In the figure, each side of square ABCD has length 1, the length of line Segment CE is 1, and the length of line segment BE is equal to the length of line segment DE. What is the area of the triangular region BCE?A. 1/3
B. \(\frac{\sqrt{2}}{4}\)
C. 1/2
D. \(\frac{\sqrt{2}}{2}\)
E. 3/4
Note that as BE=DE the triangles BCE and CDE are congruent (all three sides are equal) --> \(\angle{BCE}=\angle{DCE}\). So if we extend the line segment CE it will meet with the crosspoint of the diagonals, let's call it point O. Also note that EO will be perpendicular to BD, as diagonals in square make a right angle.
(The area of BCE) = (The area of BOE) - (The area of BOC).
Area of BOC is one fourth of the square's =\(\frac{1}{4}\).
Area BOE, \(\frac{1}{2}*BO*EO\). \(BO=\frac{\sqrt{2}}{2}\), half of the diagonal of a square. \(EO=CE+CO=1+\frac{\sqrt{2}}{2}=\frac{2+\sqrt{2}}{2}\), CO is also half of the diagonal of a square.
So \(AreaBOE=\frac{1}{2}*BO*EO=\frac{1}{2}*\frac{\sqrt{2}}{2}*\frac{2+\sqrt{2}}{2}=\frac{\sqrt{2}+1}{4}\).

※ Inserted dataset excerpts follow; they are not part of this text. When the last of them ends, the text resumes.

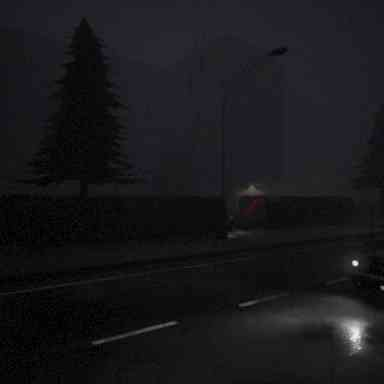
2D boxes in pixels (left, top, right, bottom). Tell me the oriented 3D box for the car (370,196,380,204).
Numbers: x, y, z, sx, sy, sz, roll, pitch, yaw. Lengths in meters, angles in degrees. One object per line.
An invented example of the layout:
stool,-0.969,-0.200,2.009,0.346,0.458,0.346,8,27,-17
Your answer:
car,46.016,2.279,80.147,1.970,1.475,3.806,1,0,-36

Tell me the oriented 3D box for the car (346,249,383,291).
car,5.813,1.699,8.067,4.718,1.301,1.895,1,0,-35
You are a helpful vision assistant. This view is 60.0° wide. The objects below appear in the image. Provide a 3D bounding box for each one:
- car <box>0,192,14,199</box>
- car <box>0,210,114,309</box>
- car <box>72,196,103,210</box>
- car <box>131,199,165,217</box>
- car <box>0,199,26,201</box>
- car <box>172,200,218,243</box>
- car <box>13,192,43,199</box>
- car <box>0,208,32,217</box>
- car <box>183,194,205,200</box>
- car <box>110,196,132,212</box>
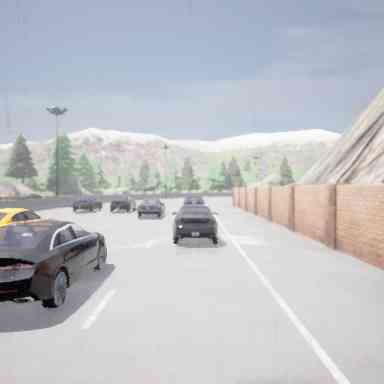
[{"bbox_3d":[-29.573,0.728,54.556,1.882,1.535,5.008,0,1,12],"label":"car"},{"bbox_3d":[-3.381,1.412,7.661,2.128,1.511,4.902,0,1,0],"label":"car"},{"bbox_3d":[-10.299,1.154,33.070,2.128,1.511,4.902,0,1,0],"label":"car"},{"bbox_3d":[-3.323,1.266,27.594,2.033,1.411,5.357,0,1,0],"label":"car"},{"bbox_3d":[-10.359,1.327,16.059,2.128,1.511,4.902,0,1,0],"label":"car"},{"bbox_3d":[0.140,1.348,15.269,1.837,1.490,4.892,0,1,0],"label":"car"},{"bbox_3d":[-26.144,0.810,53.856,1.994,1.385,4.181,0,1,12],"label":"car"},{"bbox_3d":[-6.867,1.348,12.568,1.882,1.535,5.008,0,1,0],"label":"car"},{"bbox_3d":[0.199,1.017,32.784,2.097,1.767,4.553,0,1,0],"label":"car"},{"bbox_3d":[-6.798,1.167,33.115,1.837,1.490,4.892,0,1,0],"label":"car"}]
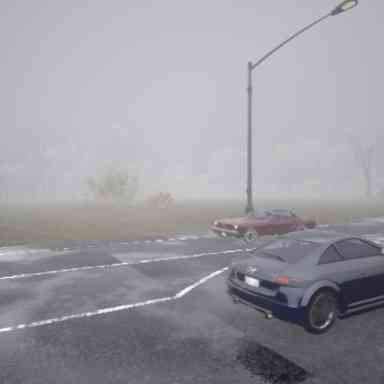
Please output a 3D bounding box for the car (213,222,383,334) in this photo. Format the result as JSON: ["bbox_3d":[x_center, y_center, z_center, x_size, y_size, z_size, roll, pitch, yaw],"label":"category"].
[{"bbox_3d":[2.730,1.462,6.526,4.181,1.385,1.994,0,0,-30],"label":"car"}]

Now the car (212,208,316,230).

Area \(BCE=BOE-BOC=\frac{\sqrt{2}+1}{4}-\frac{1}{4}=\frac{\sqrt{2}}{4}\)
Answer: B.
Attachment:
The attachment Square ABCD.JPG is no longer available
Please, can you explain this in lame terms as to how the area of BOC is one forth and the diagonal part?